Pterostylis curta, commonly known as the blunt greenhood, is a species of orchid found in south-eastern Australia, Lord Howe Island and New Caledonia. It has a rosette of leaves at its base and a single white and green, forward leaning flower with a brown tip and a twisted labellum.

==Description==
Pterostylis curta has a rosette of between two and six egg-shaped to elliptic leaves, each leaf 20-100 mm long and 10-30 mm wide. The leaves are dark green, have a distinct petiole and sometimes a wavy edge. A single white and green flower with a brown tip is borne on a flowering spike 100-300 mm high, the flower leaning forwards. The flowers are 28-35 mm long, 11-15 mm wide. The dorsal sepal and petals are fused to form a hood or "galea" over the column. The dorsal sepal and petals are a similar length and end in a blunt tip. There is a wide gap at each side of the flower between the petals and lateral sepals. The lateral sepals are erect, about the same length as the galea, 10-18 mm long and there is a broad V-shaped sinus between them. The labellum is 17-22 mm long, 4-5 mm wide, brown, twisted to one side and just visible above the sinus. Flowering occurs from July to October.

==Taxonomy and naming==
Pterostylis curta was first described in 1810 by Robert Brown and the description was published in Prodromus Florae Novae Hollandiae et Insulae Van Diemen. The specific epithet (curta) means "short".

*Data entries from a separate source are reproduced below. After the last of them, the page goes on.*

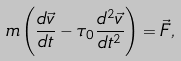<formula> <loc_0><loc_0><loc_500><loc_500>m \left ( \frac { d \vec { v } } { d t } - \tau _ { 0 } \frac { d ^ { 2 } \vec { v } } { d t ^ { 2 } } \right ) = \vec { F } ,</formula> 
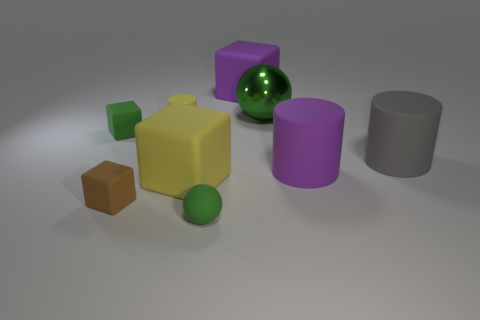Does the small brown object have the same shape as the large yellow rubber thing?
Provide a succinct answer. Yes. Is there any other thing that has the same material as the large green sphere?
Provide a succinct answer. No. What is the size of the rubber sphere?
Give a very brief answer. Small. There is a rubber object that is both behind the tiny green block and to the left of the small green matte ball; what color is it?
Make the answer very short. Yellow. Is the number of tiny green blocks greater than the number of large green metal cylinders?
Ensure brevity in your answer.  Yes. What number of things are either green spheres or big things that are in front of the purple rubber cylinder?
Provide a short and direct response. 3. Do the brown block and the green matte cube have the same size?
Provide a short and direct response. Yes. There is a tiny green rubber ball; are there any cylinders right of it?
Offer a terse response. Yes. There is a rubber cylinder that is both to the right of the rubber ball and to the left of the big gray rubber cylinder; what size is it?
Ensure brevity in your answer.  Large. How many things are either gray blocks or green rubber objects?
Your response must be concise. 2. 
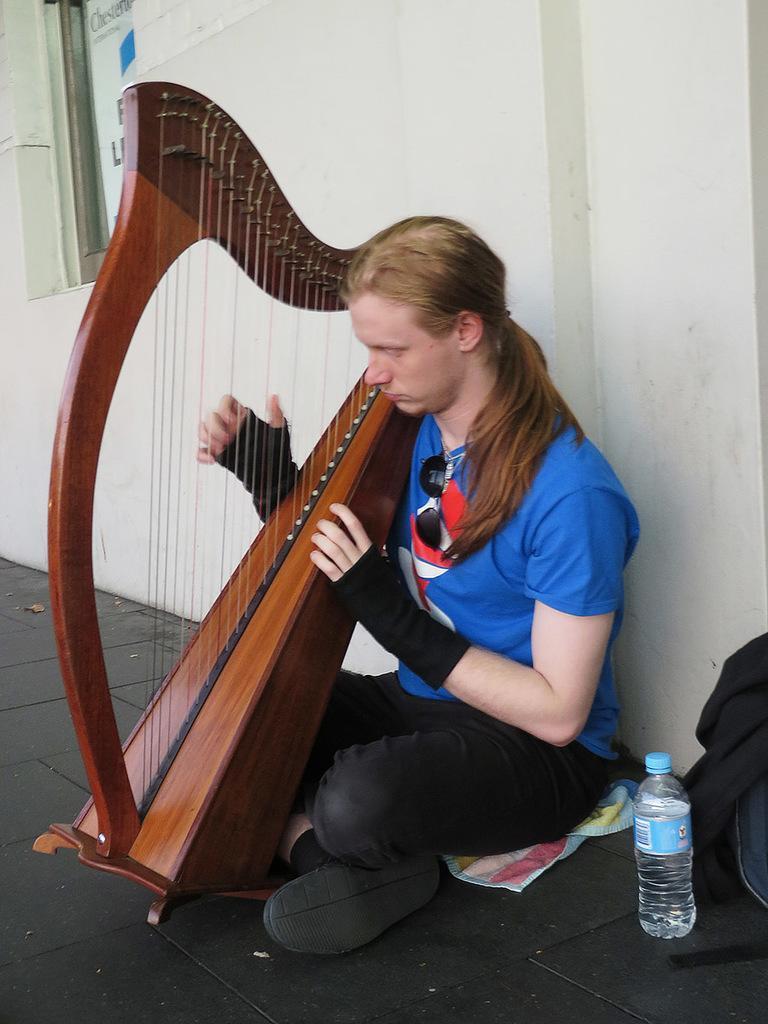Please provide a concise description of this image. This picture is taken outside a building. In the middle a person is sitting wearing a blue t-shirt and a black pant. He is having long hair. He is playing one musical instrument. Beside him there is a water bottle. in the background there is a white wall. On the left top corner there is a window. 
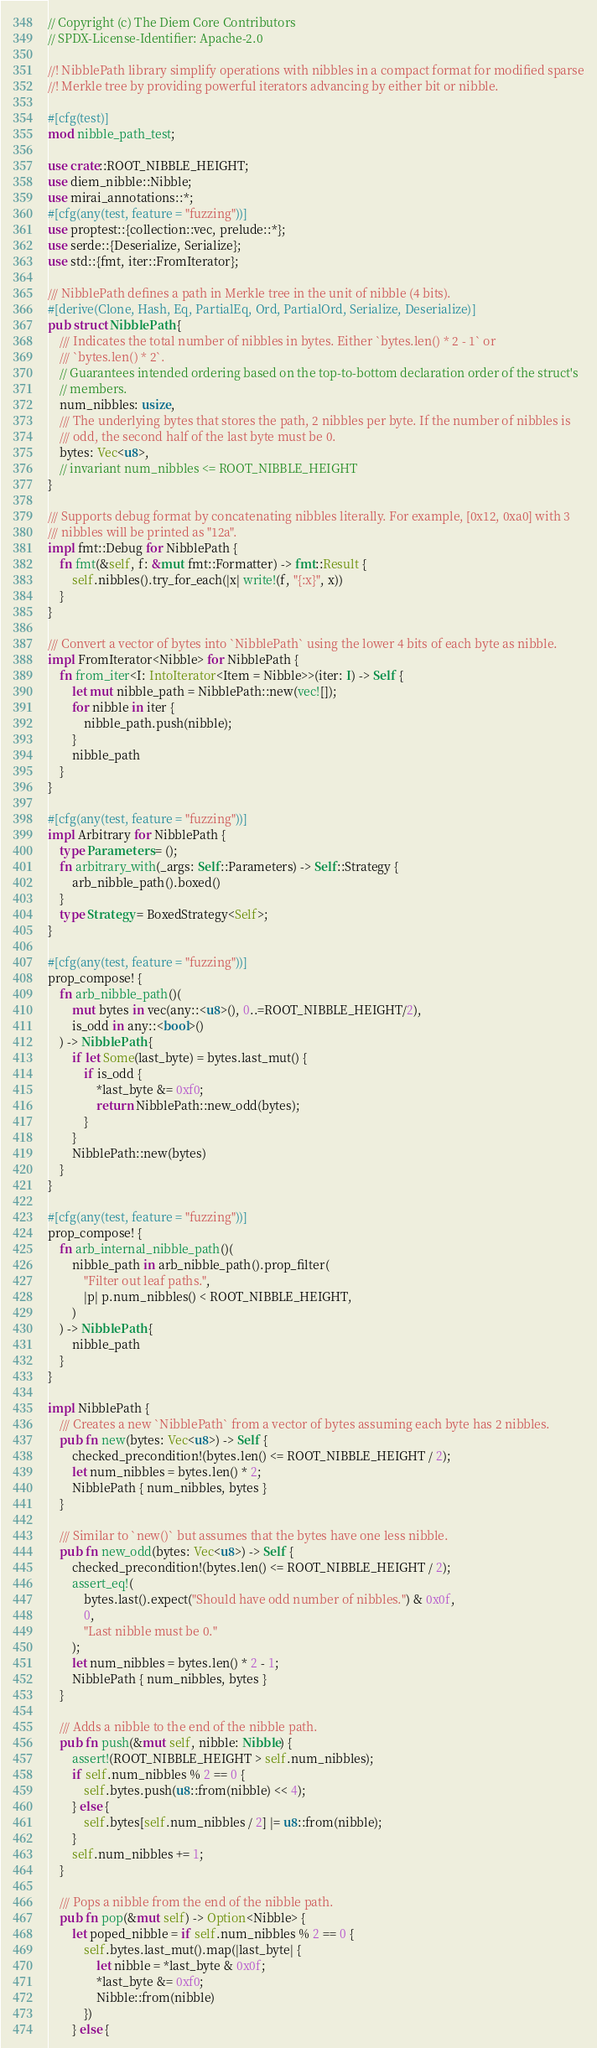Convert code to text. <code><loc_0><loc_0><loc_500><loc_500><_Rust_>// Copyright (c) The Diem Core Contributors
// SPDX-License-Identifier: Apache-2.0

//! NibblePath library simplify operations with nibbles in a compact format for modified sparse
//! Merkle tree by providing powerful iterators advancing by either bit or nibble.

#[cfg(test)]
mod nibble_path_test;

use crate::ROOT_NIBBLE_HEIGHT;
use diem_nibble::Nibble;
use mirai_annotations::*;
#[cfg(any(test, feature = "fuzzing"))]
use proptest::{collection::vec, prelude::*};
use serde::{Deserialize, Serialize};
use std::{fmt, iter::FromIterator};

/// NibblePath defines a path in Merkle tree in the unit of nibble (4 bits).
#[derive(Clone, Hash, Eq, PartialEq, Ord, PartialOrd, Serialize, Deserialize)]
pub struct NibblePath {
    /// Indicates the total number of nibbles in bytes. Either `bytes.len() * 2 - 1` or
    /// `bytes.len() * 2`.
    // Guarantees intended ordering based on the top-to-bottom declaration order of the struct's
    // members.
    num_nibbles: usize,
    /// The underlying bytes that stores the path, 2 nibbles per byte. If the number of nibbles is
    /// odd, the second half of the last byte must be 0.
    bytes: Vec<u8>,
    // invariant num_nibbles <= ROOT_NIBBLE_HEIGHT
}

/// Supports debug format by concatenating nibbles literally. For example, [0x12, 0xa0] with 3
/// nibbles will be printed as "12a".
impl fmt::Debug for NibblePath {
    fn fmt(&self, f: &mut fmt::Formatter) -> fmt::Result {
        self.nibbles().try_for_each(|x| write!(f, "{:x}", x))
    }
}

/// Convert a vector of bytes into `NibblePath` using the lower 4 bits of each byte as nibble.
impl FromIterator<Nibble> for NibblePath {
    fn from_iter<I: IntoIterator<Item = Nibble>>(iter: I) -> Self {
        let mut nibble_path = NibblePath::new(vec![]);
        for nibble in iter {
            nibble_path.push(nibble);
        }
        nibble_path
    }
}

#[cfg(any(test, feature = "fuzzing"))]
impl Arbitrary for NibblePath {
    type Parameters = ();
    fn arbitrary_with(_args: Self::Parameters) -> Self::Strategy {
        arb_nibble_path().boxed()
    }
    type Strategy = BoxedStrategy<Self>;
}

#[cfg(any(test, feature = "fuzzing"))]
prop_compose! {
    fn arb_nibble_path()(
        mut bytes in vec(any::<u8>(), 0..=ROOT_NIBBLE_HEIGHT/2),
        is_odd in any::<bool>()
    ) -> NibblePath {
        if let Some(last_byte) = bytes.last_mut() {
            if is_odd {
                *last_byte &= 0xf0;
                return NibblePath::new_odd(bytes);
            }
        }
        NibblePath::new(bytes)
    }
}

#[cfg(any(test, feature = "fuzzing"))]
prop_compose! {
    fn arb_internal_nibble_path()(
        nibble_path in arb_nibble_path().prop_filter(
            "Filter out leaf paths.",
            |p| p.num_nibbles() < ROOT_NIBBLE_HEIGHT,
        )
    ) -> NibblePath {
        nibble_path
    }
}

impl NibblePath {
    /// Creates a new `NibblePath` from a vector of bytes assuming each byte has 2 nibbles.
    pub fn new(bytes: Vec<u8>) -> Self {
        checked_precondition!(bytes.len() <= ROOT_NIBBLE_HEIGHT / 2);
        let num_nibbles = bytes.len() * 2;
        NibblePath { num_nibbles, bytes }
    }

    /// Similar to `new()` but assumes that the bytes have one less nibble.
    pub fn new_odd(bytes: Vec<u8>) -> Self {
        checked_precondition!(bytes.len() <= ROOT_NIBBLE_HEIGHT / 2);
        assert_eq!(
            bytes.last().expect("Should have odd number of nibbles.") & 0x0f,
            0,
            "Last nibble must be 0."
        );
        let num_nibbles = bytes.len() * 2 - 1;
        NibblePath { num_nibbles, bytes }
    }

    /// Adds a nibble to the end of the nibble path.
    pub fn push(&mut self, nibble: Nibble) {
        assert!(ROOT_NIBBLE_HEIGHT > self.num_nibbles);
        if self.num_nibbles % 2 == 0 {
            self.bytes.push(u8::from(nibble) << 4);
        } else {
            self.bytes[self.num_nibbles / 2] |= u8::from(nibble);
        }
        self.num_nibbles += 1;
    }

    /// Pops a nibble from the end of the nibble path.
    pub fn pop(&mut self) -> Option<Nibble> {
        let poped_nibble = if self.num_nibbles % 2 == 0 {
            self.bytes.last_mut().map(|last_byte| {
                let nibble = *last_byte & 0x0f;
                *last_byte &= 0xf0;
                Nibble::from(nibble)
            })
        } else {</code>

==Distribution and habitat==
The blunt greenhood is widespread and common in Queensland, New South Wales, Victoria and Tasmania, growing in moist places in heath, scrub, woodland and forest. It also occurs on Lord Howe Island and in New Caledonia but is rare in South Australia.

==Use in horticulture==
Pterostylis curta has received the Royal Horticultural Society's Award of Garden Merit. It is easily grown in pots containing a free-draining, sandy mix. The plants require regular watering during their growing period, to be kept dry during dormancy and to be repotted annually.